Digital identity refers to the aspect of digital technology that is concerned with the mediation of people’s experience of their own identity and the identity of other people and things. Wikipedia
Our digital identity is becoming a big issue. Twitter have recently begun verifying accounts and many Facebook urls are already being sold for hard cash. The problem for many people, especially early adopters, is that they didn’t realise the significance of user names when they started registering for all these services. As Lorcan Dempsey explains the result is a fractured online identity. In in a Facebook note based on an old blog post Lorcan talks about his (and Andy Powell of Eduserv’s) quests to centre their decentralised identity and consolidate their network presence.

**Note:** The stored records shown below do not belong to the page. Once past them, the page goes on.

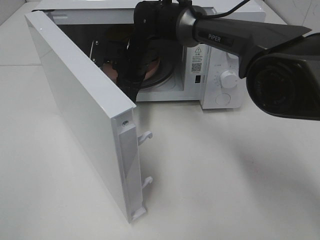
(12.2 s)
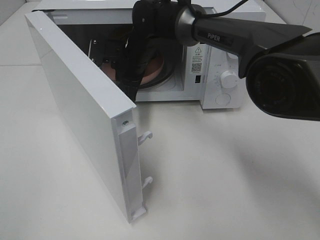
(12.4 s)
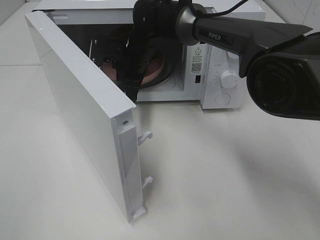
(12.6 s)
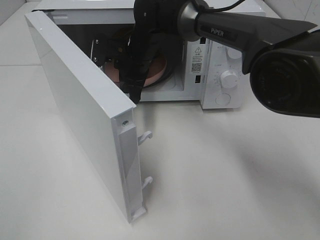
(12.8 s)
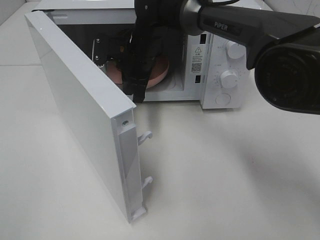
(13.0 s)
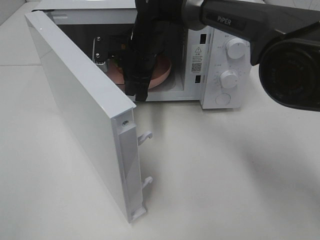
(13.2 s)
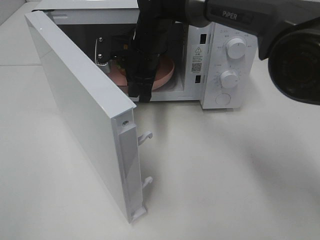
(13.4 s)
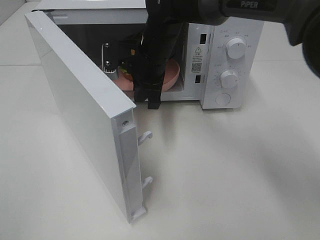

“It seems clear that managing our network presences and the relationships between them is becoming of more interest. And this cuts across previous boundaries – between work, family and friends, for example – in different ways.“
Digital Identity for our Children
Lorcan also touches on the issue of digital identity and naming of children. This resonates strongly with me. Having a Dutch Mother and a Dutch name (Marieke) and an Scottish/English Father I grew up with a pretty unusual name (Marieke Napier). Even my married name (Marieke Guy) is rare and I’ve yet to come across any other online people with the same name. You only need to do a quick Google search for me to see that as far as Marieke Guys go I’m the Webs number 1 (5,020 hits). Having a clear digital presence is quite straightforward for me. I don’t have people queuing up to steal my name and this morning registered http://www.facebook.com/mariekeguy with no problem. No getting up at dawn for me!
The irony of all this is that I have 3 children who, despite our best efforts to be original but not too wacky, now have pretty common names: Catrin, Keira and Zak. My husband’s name is Andrew, but at University he decided to rename himself Bill (his middle name) in order to distinguish himself from his other 3 friends (also called Andrew). There are moments when while sat at toddler singing-group with 2 other Zaks (or Zacs or Zacks), a Zachary and an Isaac (my son’s registered name) I bemoan that I didn’t call him Andrew – at least there are no babies being called that name these days!
Anyway it seems to me that my children will have to join the orderly queue when it comes to assigning their digital identity. Or maybe we’ll be doing things differently then and a quick retina scan will do the trick!
Any other Marieke Guy’s out there? Anyone have problems registering their Facebook url? Anyone totally opposed to the whole digital identity movement?
Posted on June 14th, 2009 No comments
The article is the last in a series of three I’ve written on remote working for Ariadne. The first A Desk Too Far?: The Case for Remote Working was a look at the pros and cons of working off-site, the second Staying Connected: Technologies Supporting Remote Workers looked at technologies that can support you if you are working off-site and the third one takes a look at what we have done in the past, and are now doing, for UKOLN off-site workers. It is an attempt to show that if a commitment is made by an organisation to its remote workers then with some little changes the benefits can be huge (happy, motivated staff who stay with you!)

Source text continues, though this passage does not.